幸而护龙卫办事倒妥当, 贾琏和迎春昨日不过未时就回到家中,晚膳之后照常就寝, 现下时辰还早, 都还没起。
见家人无事,贾赦吩咐人备了热水,沐浴更衣之后,又到大书房将五粒月华丹供在香案上,焚香祷告之后, 又再三观气, 见丹药没有带邪气,才将四粒丹药收起,只留一粒在书案上。
将一狐一猫都招来,又将附有贾瑚和郑家树的槐木牌也拿出来并排放在书案上, 贾赦问:“这丹药得来不易, 你们几个谁敢试试?先说,据我观察,这丹药是没问题的,但这药毕竟不是我炼的,我也拿不准到底如何。”
若是寻常丹药, 贾赦少不得拿只没开灵智的动物来试,但月华丹含有帝流浆,可遇不可求,关键时候也能救人性命,要拿余出的一颗丹药试药,贾赦有些舍不得。
踏雪高傲的舔这爪子,他家玉道长以前也给他吃过丹药,但是玉道长可从来不拿他试药。这药丸闻起来虽然香,但踏雪觉得,试药这种事,不该自己来做。
狐妖蹭的一下就跳上了书案,两只前爪将白玉瓶一捧,就倒入了自己嘴里。踏雪是家养的,狐妖可是雀灵山野生的,他闻着丹药很香,比雀灵山那些奇花异草更吸引自己,狐妖便没多想,就当在雀灵山又吃多吃了一颗神奇朱果而已。以前吃那么多,也没见出事。
狐妖将月华丹倒入口中后,贾赦也不用纠结了,贾赦收起书案上的桃木牌,先看看狐妖有没有事再说吧。郑家树反正在槐木牌里温养,贾瑚爱看热闹,探出半个头说:“爹爹,我要看看狐狸。”
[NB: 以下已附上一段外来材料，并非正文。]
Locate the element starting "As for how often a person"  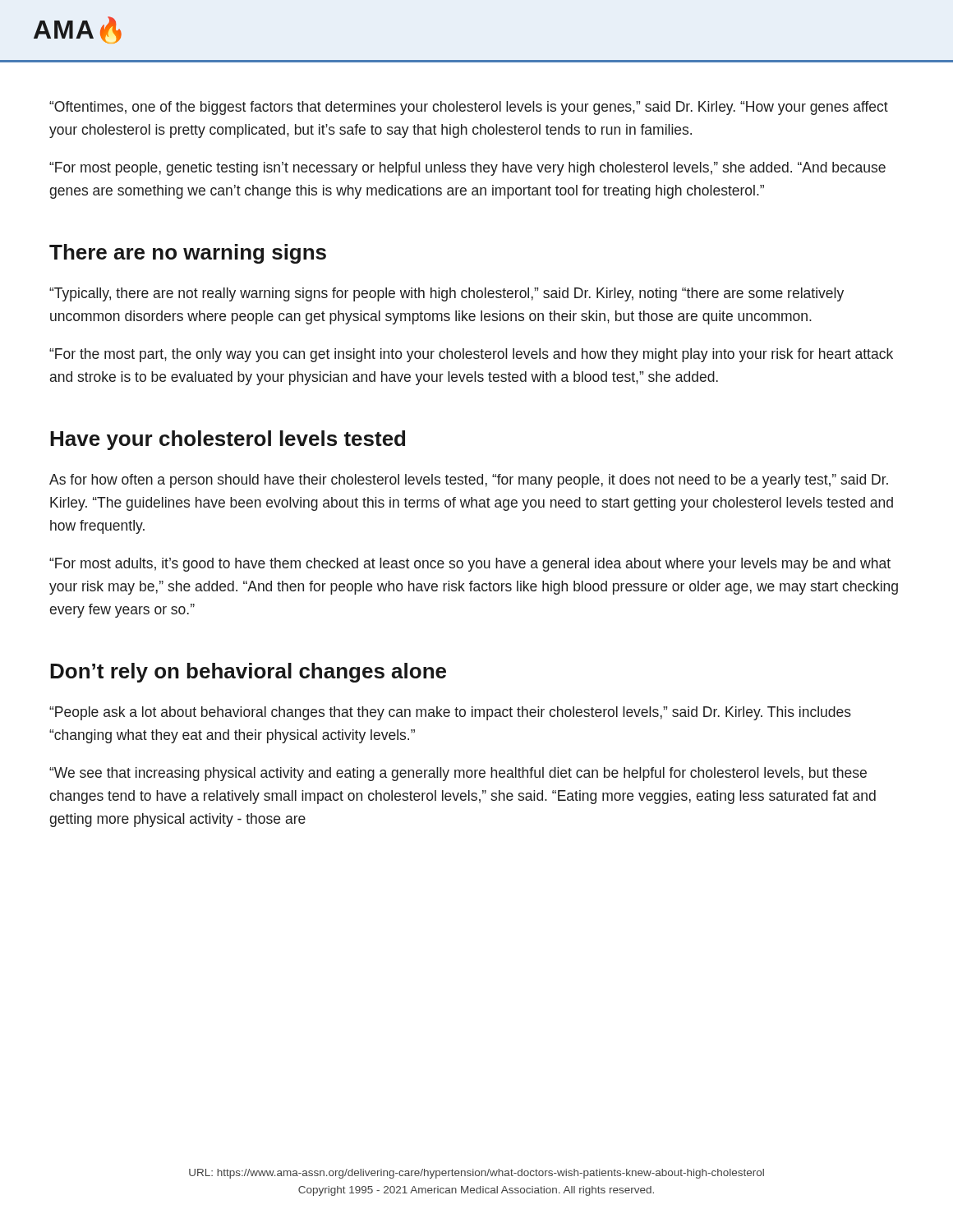(x=472, y=503)

一语未了,只见狐妖一蹦老高,在书案上翻滚几下,就仰面倒在书案上,四脚朝天的翻着。
贾赦上前摸了一下狐妖胸口,只觉其心跳极快,观其气,并未出现死气,倒有空气中千丝万缕的灵气往狐妖身上灌,便知狐妖只是昏睡过去。
精怪服食效验强的丹药之后,常有昏睡状况,若非有极隐秘的洞府藏身,保证其在昏睡时候也不会遇到其他危险,便需要助手在其旁边护法,在其醒来之前,都不许让人畜、天敌打扰。
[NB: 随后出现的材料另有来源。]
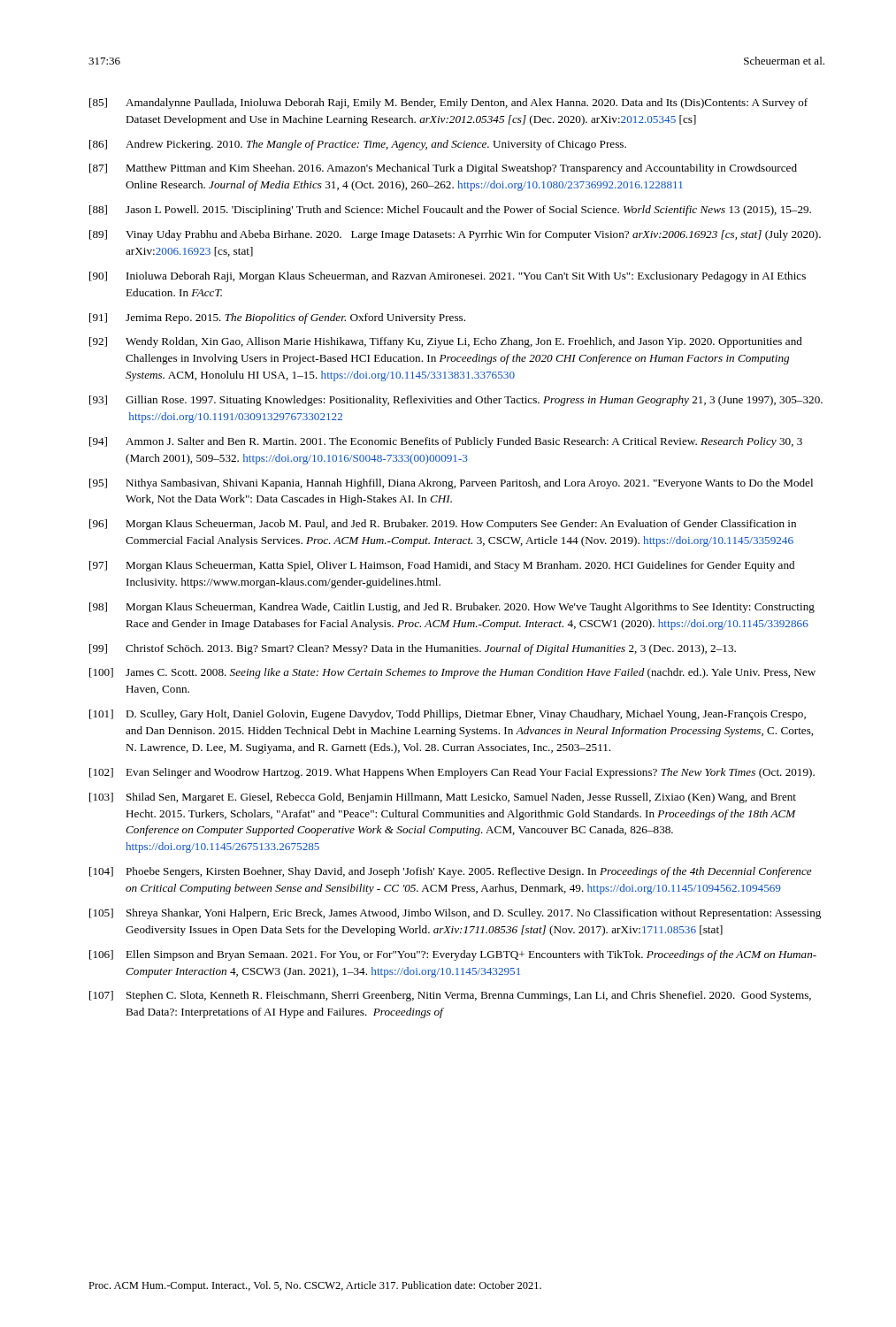Click on the list item containing "[88] Jason L Powell. 2015. 'Disciplining' Truth"
Image resolution: width=896 pixels, height=1327 pixels.
(457, 210)
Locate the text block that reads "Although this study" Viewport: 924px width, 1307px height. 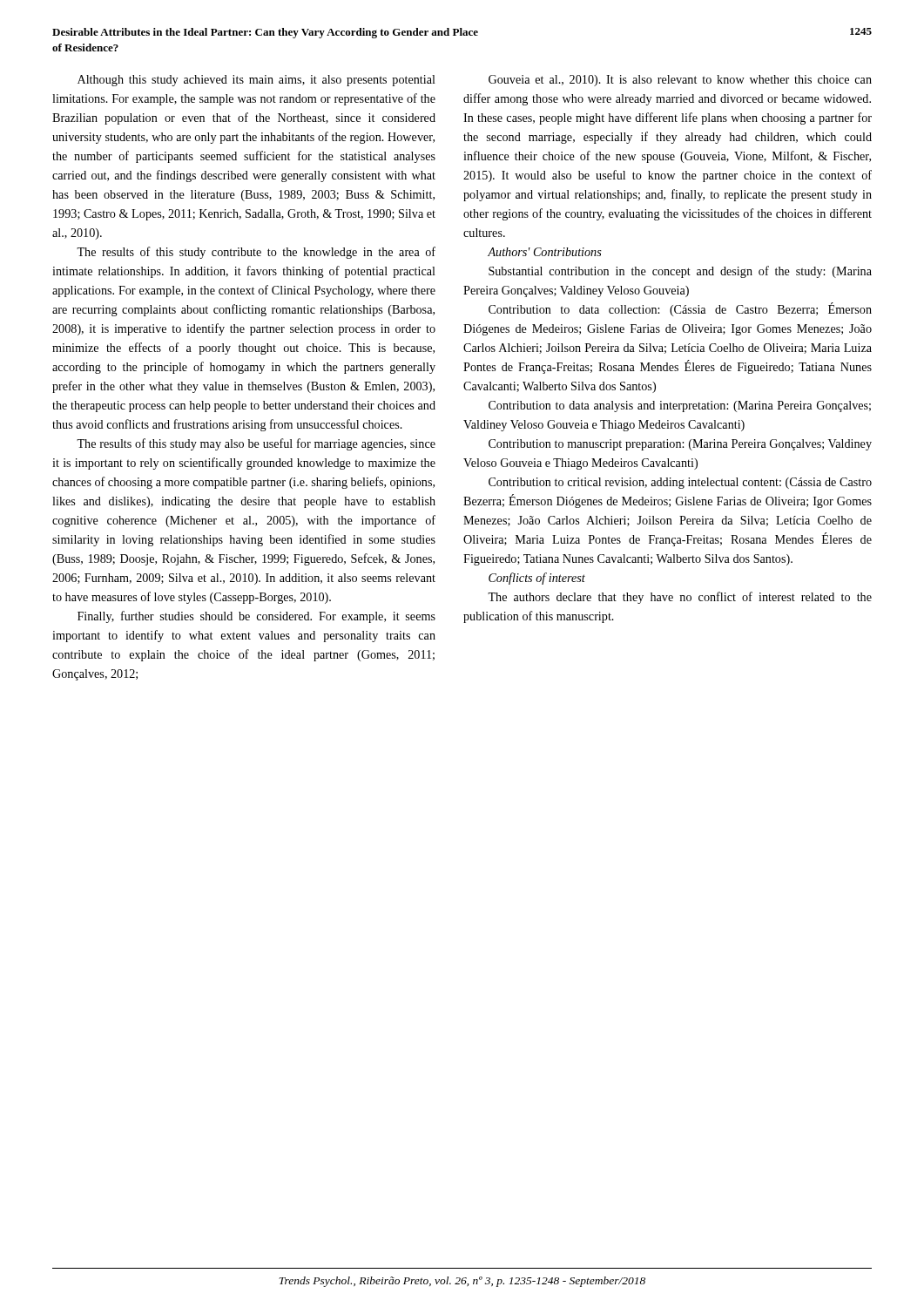(244, 156)

现在狐妖服食月华丹之后陷入昏睡,护法之责自然落在贾赦头上。好在现在只有狐妖吃了丹药,贾赦和踏雪还能轮流给狐妖护法。
因为狐妖服食了月华丹,贾赦连肩伤都没去太医院治,只取宫廷秘制的金疮药来涂上,倒也好得极快,第二天就消肿了。
云妙一案也算皇室丑闻,景安帝并未将此事公开。但是护龙卫围剿了牟尼院、都阳观两处香火极旺盛的庵堂、道观之事,却传得满京城皆知了。
紧接着,景安帝颁布了一道圣旨,快马加鞭发往各省、州、府、县,在全国范围内打击圣天道。若揭发圣天道道场、教众者,查证属实,即按功劳大小领赏。揭露一座寺庙、道观赏钱多少,揭露一人赏金多少,皆有详细文书随圣旨发往各处。离京城近的州府已经接到圣旨,离京城远些的,也都会陆续接到。
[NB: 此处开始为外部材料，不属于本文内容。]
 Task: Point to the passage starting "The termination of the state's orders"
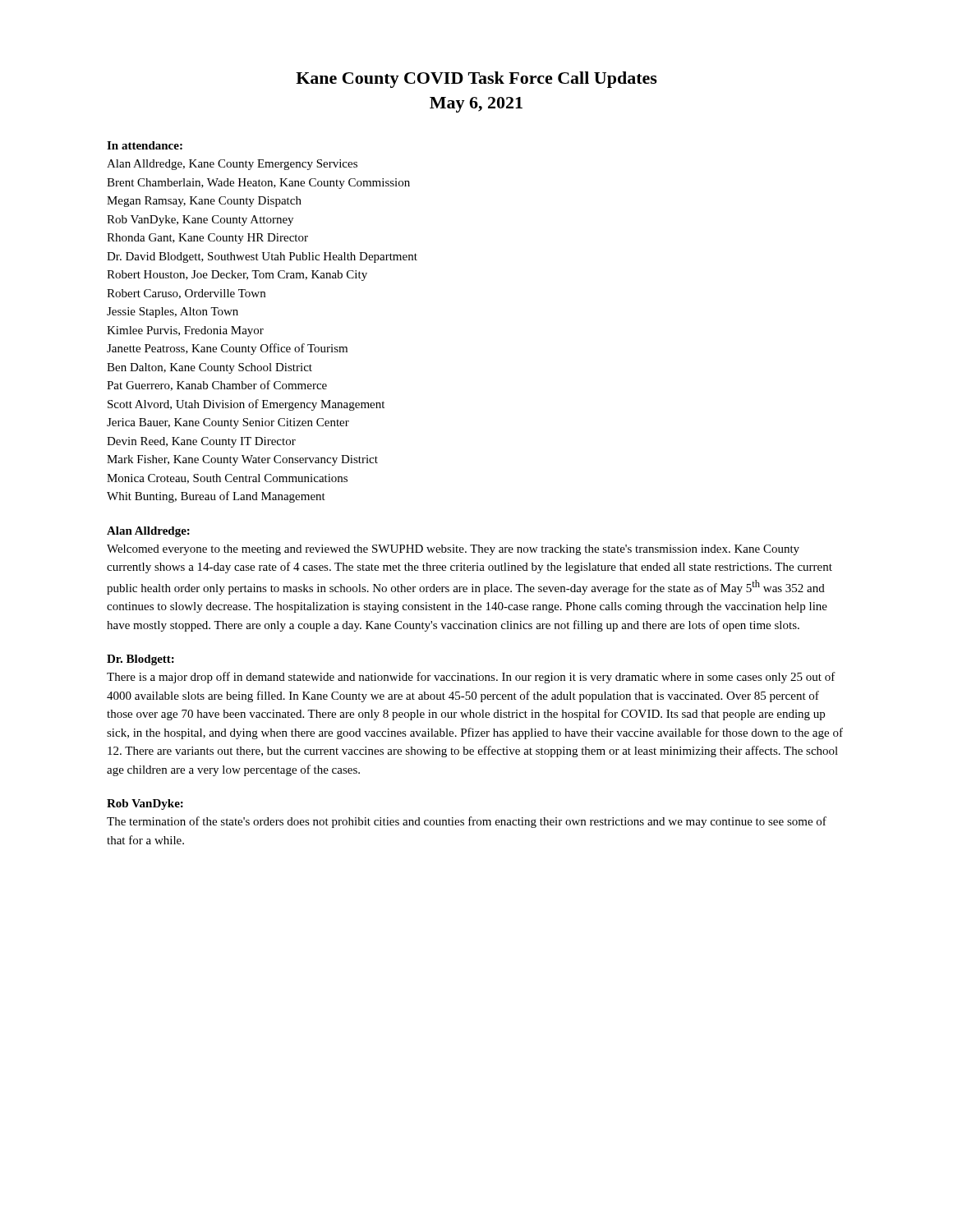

贫民百姓入圣天道,不过是口口相传,听说那里的神仙灵验,就跟着拜那里的神仙。但老百姓也都知道圣旨违抗不得,一听说圣旨都说圣天道不好,受迷惑不深的也都退步抽身了。更有甚者,为了赏金积极揭发圣天道信徒,一时间,圣天道教众风声鹤唳,活动越发转入了地下。
这一道圣旨在京城传开,合着前儿京中香火极鼎盛的牟尼院和都阳观先后被护龙卫剿灭的事,京中许多人家就咂摸出味儿来了,只怕牟尼院和都阳观都和圣天道有关。
尤其剿灭牟尼院的时候,当时云妙的侍卫见势不对,可是劫持了牟尼院满院子的信众。这些信众不少被无忧邪神吞了生魂,后来虽然被救治回来,难免大病一场。想起那日牟尼院之事,哪个不是心有余悸?
因而满京城里头,多少权贵人家如今都知道牟尼院不是正教。只是这世道规矩严,对女子尤其苛刻,大户怕家中女眷坏了名声,那日牟尼院之事,凡家中有女眷去了的人家都对此事绝口不提罢了。
这些被从牟尼院救回来的贵人女眷们因为丢过生魂,纷纷大病一场,身子虚弱,求医问药都是无法,可是素日传言灵验的牟尼院和都阳观都是邪教,现下连求神拜佛都不知道往哪里去了。
贾赦这数月来做大事无数,虽然有好几件并未公开。但力擒尸变后的石光珠;解决城西新官邸闹鬼案;参与剿灭牟尼院和都阳观几件在京城可谓无人不晓,如今连大庙大观都信不得,那些家中女眷自牟尼院被救归家就久病难愈的人家,难免求到晋江侯府。
贾赦现在忙着给狐妖护法,哪里顾得上这些?不过是趁狐妖熟睡之际,自己画了些安神驱邪的符篆,连日使人送去白云观。又写信给白云观观主,说替自己将这些符篆送给所需之人,所得香油钱由白云观处置。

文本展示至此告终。